#### What to do:
Your answer should be the lines from the one containing "Please output a" through the final line below, copied exactly.

Supplied material below:

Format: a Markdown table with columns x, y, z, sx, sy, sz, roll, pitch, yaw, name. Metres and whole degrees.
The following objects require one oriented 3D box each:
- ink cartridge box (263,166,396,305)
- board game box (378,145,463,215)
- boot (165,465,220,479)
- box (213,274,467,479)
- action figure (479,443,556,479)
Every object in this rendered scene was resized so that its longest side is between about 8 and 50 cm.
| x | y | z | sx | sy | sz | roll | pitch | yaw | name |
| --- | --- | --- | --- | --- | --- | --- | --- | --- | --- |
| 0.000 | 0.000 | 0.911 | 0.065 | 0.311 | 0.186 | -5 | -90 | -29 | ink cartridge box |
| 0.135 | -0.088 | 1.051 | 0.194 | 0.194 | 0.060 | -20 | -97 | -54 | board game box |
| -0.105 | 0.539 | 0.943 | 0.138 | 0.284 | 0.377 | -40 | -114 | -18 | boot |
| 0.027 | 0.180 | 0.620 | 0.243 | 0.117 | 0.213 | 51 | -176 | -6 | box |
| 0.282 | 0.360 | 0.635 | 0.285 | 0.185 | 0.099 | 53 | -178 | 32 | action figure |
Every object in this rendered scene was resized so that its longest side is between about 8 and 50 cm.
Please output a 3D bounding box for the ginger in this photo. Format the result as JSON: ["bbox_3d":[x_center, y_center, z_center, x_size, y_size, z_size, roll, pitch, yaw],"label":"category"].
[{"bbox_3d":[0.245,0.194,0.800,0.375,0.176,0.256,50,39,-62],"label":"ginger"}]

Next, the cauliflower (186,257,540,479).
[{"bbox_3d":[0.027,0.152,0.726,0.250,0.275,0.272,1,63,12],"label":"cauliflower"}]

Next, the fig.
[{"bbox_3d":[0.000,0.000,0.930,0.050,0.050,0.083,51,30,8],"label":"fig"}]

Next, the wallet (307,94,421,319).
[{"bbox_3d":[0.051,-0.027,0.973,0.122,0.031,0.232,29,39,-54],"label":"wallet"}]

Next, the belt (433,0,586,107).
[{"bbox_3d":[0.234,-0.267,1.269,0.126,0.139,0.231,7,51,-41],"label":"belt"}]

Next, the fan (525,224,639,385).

End of Supplied material.

#### Exercise answer:
Please output a 3D bounding box for the ginger in this photo. Format the result as JSON: ["bbox_3d":[x_center, y_center, z_center, x_size, y_size, z_size, roll, pitch, yaw],"label":"category"].
[{"bbox_3d":[0.245,0.194,0.800,0.375,0.176,0.256,50,39,-62],"label":"ginger"}]

Next, the cauliflower (186,257,540,479).
[{"bbox_3d":[0.027,0.152,0.726,0.250,0.275,0.272,1,63,12],"label":"cauliflower"}]

Next, the fig.
[{"bbox_3d":[0.000,0.000,0.930,0.050,0.050,0.083,51,30,8],"label":"fig"}]

Next, the wallet (307,94,421,319).
[{"bbox_3d":[0.051,-0.027,0.973,0.122,0.031,0.232,29,39,-54],"label":"wallet"}]

Next, the belt (433,0,586,107).
[{"bbox_3d":[0.234,-0.267,1.269,0.126,0.139,0.231,7,51,-41],"label":"belt"}]

Next, the fan (525,224,639,385).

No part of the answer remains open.